Writer: Mustafa Behin
I was standing on the side of the road waiting for a taxi, the cars were passing in a row and no one cared, sometimes the drivers from a distance gave the signal to get on with no smile. Everyone was going everywhere in a hurry. Meanwhile, a little girl looked at the feet of passers-by and suggested everyone who wore shoes with a smile make their shoes sparkle. She looked at me from a distance and her smile could be seen from afar, and encouragement was obvious in her childish and confident face.
She crossed the street cautiously, I was wearing sneakers, so her eyes fell on my sneakers, she wanted to change her way and look for someone else. I called her; She approached me with special hope and followed me with her searching eyes to get into one of my pockets and get some money. She said:” hello” I wanted to shake her hand, But she did not let me. “My hand is colored, dear uncle,” she said.
Rahela is 13 years old, a girl with brown eyes and sunburned skin, and walks every day from Mahtab Qala to Pul-e-Khoshk looking for bread without any fatigue. She is wise and understands more than her age.
I asked her if she was going to school, and she said, “Ummm! “I went to grade three, and when my father was killed, my older brother and I had to work.”
Her father, who worked as a coal miner in Samangan province and was killed when the mine collapsed. She tells about her father with nostalgia that can only be seen in the eyes of a child. “I do not remember my father well because he came home once in three or four months. I remember that winter had just passed when he came and took me to school and the principal signed me up.”
When she started the third grade, she loses her father, and Rahela’s dream of becoming a teacher was buried with her father. She tells about her 15-year-old brother that like Rahela, has not been able to continue after the sixth grade and now works in one of the restaurants with her father’s uncle. I wait for her to talk about her mother as if she does not like to talk about her and swallow what she can say about her mother.

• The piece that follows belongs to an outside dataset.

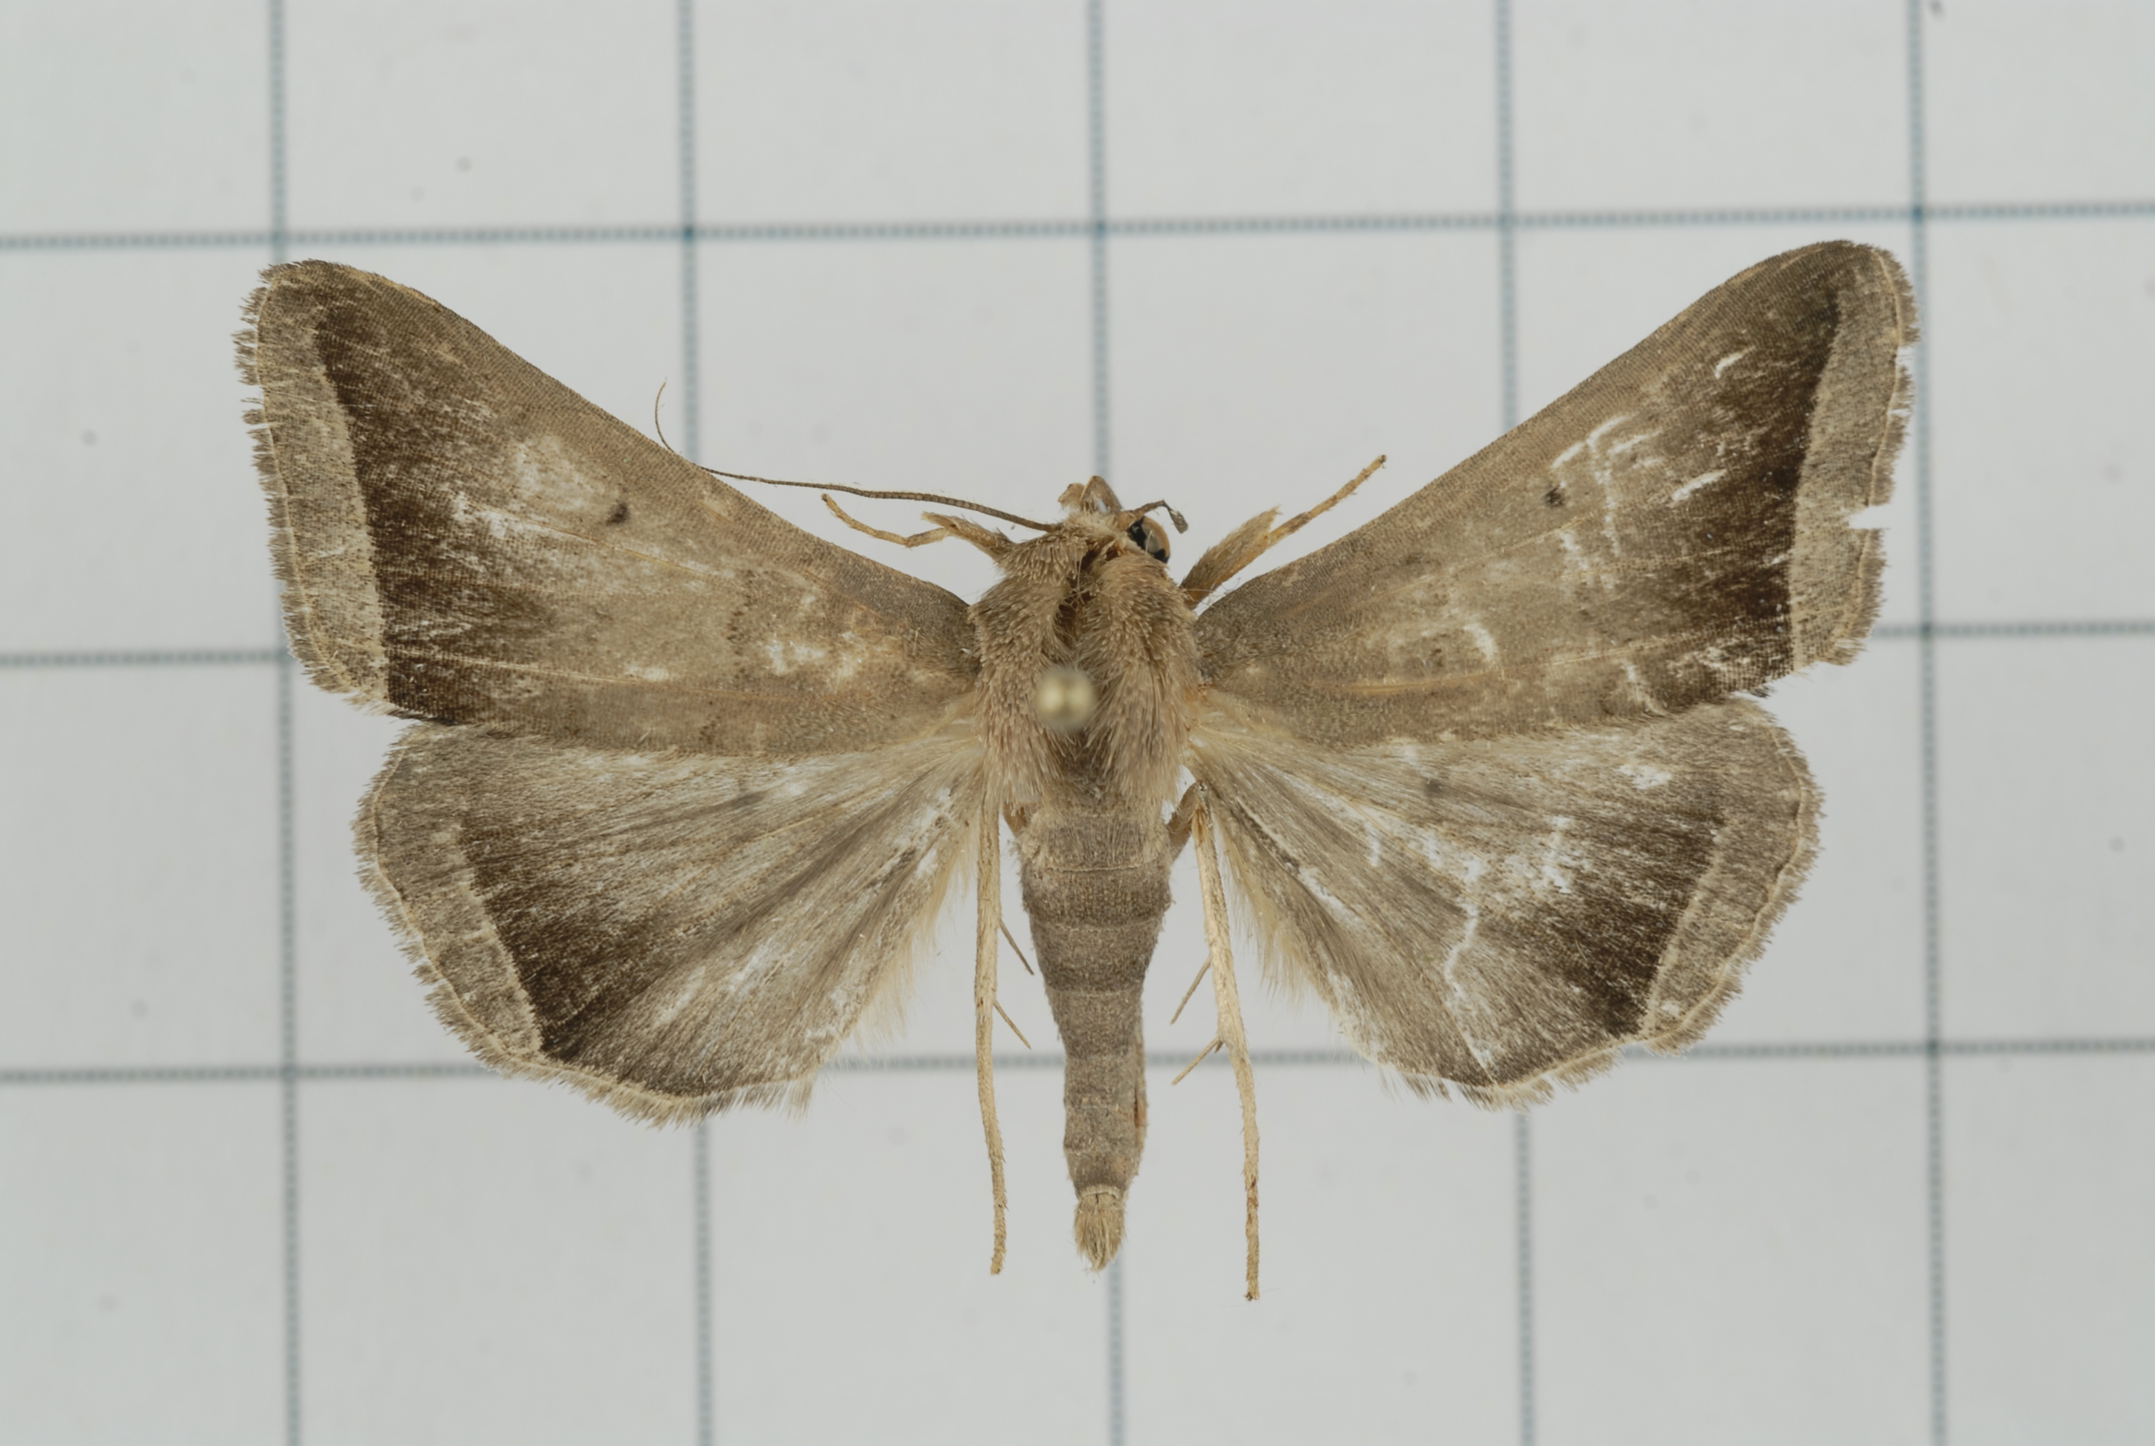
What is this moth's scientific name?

I have to ask her about her mother, she clears her throat and looks at the can of paint in her hand. “My mother…, my mother can not work. I do not remember exactly when it was but the weather was cold, and my mother wanted to weave the carpet. One day I was not home when I returned my father’s uncle was also at our home, and my mother was lying down and crying. My uncle said that she fell from the ladder when she took the carpet to the roof and her back is broken.”
Her mother has not been able to get up and work since then, and now she can hardly walk enough to carry herself to her backyard. Rahela is a girl who grew up with suffering and her soul is not used to anything better than suffering. I ask her about the last time she was so happy, she starts with enthusiasm.” It was before the regime of the Taliban. One day I was coming from Pul_e_Khoshk, a man who I think was very rich got out of his luxury car; I went to him to waterproof his shoes, but he did not allow me. When I saw his shoes they were very dusty, I told him again, dear uncle, your dusty shoes do not jibe with your luxury car and fashionable clothes. If you do not have a penny, I will waterproof them for free. As soon as I said that, he stopped and gave me one thousand afghanis.”
Rahela remembers the man with great excitement and what she did with that one thousand afghanis. “I bought sandals for my brother and a Berger for myself then I gave the rest to my mothers to collect for house rent.”
When she talks about her brother, her voice becomes stronger than before. It is as if nothing can stop her and she will finally get rid of the suffering. She says that she wishes she could go to school and become a teacher in the future and buy a bicycle for her brother.
When I asked her what life means to her, I expected to hear a childish answer such as children’s games clothes, and other things, but she said something bigger. “Life means five loaves of bread for me, if I could take bread home every night, it would be life,” she said immediately.
I was expecting everything else except that, Rahela is no longer a child. Life difficulties have made her a girl who can only think about the bread and sufferings of her mother as well as her brother. Even though she works all day, she still thinks about them first, just a woman can have a big heart like this, and Rahela is a girl and a woman.
But in the meantime, she thinks of something else, of the smile that comes out of a ruined body that can soften the heart of a passer-by so that he can give his shoes to Rahela for waterproofing. She thinks of a smile that is on the face of a girl who has suffered for many years and life means only bread to her.
When I wanted to give her some money, she said softly: “I wish your sneakers could be waterproofed, which I would do, dear uncle.”
This time when I shake my hand to say goodbye, she cleans her hand on her clothes and holds my hand tightly, smiles and leaves. In a few steps, she says to a man with a smile: ” May I waterproof your shoes, dear uncle?”
The man, without looking at her and seeing how beautiful her smile is, says: “Go my daughter, go, you are so stubborn, … With anger.”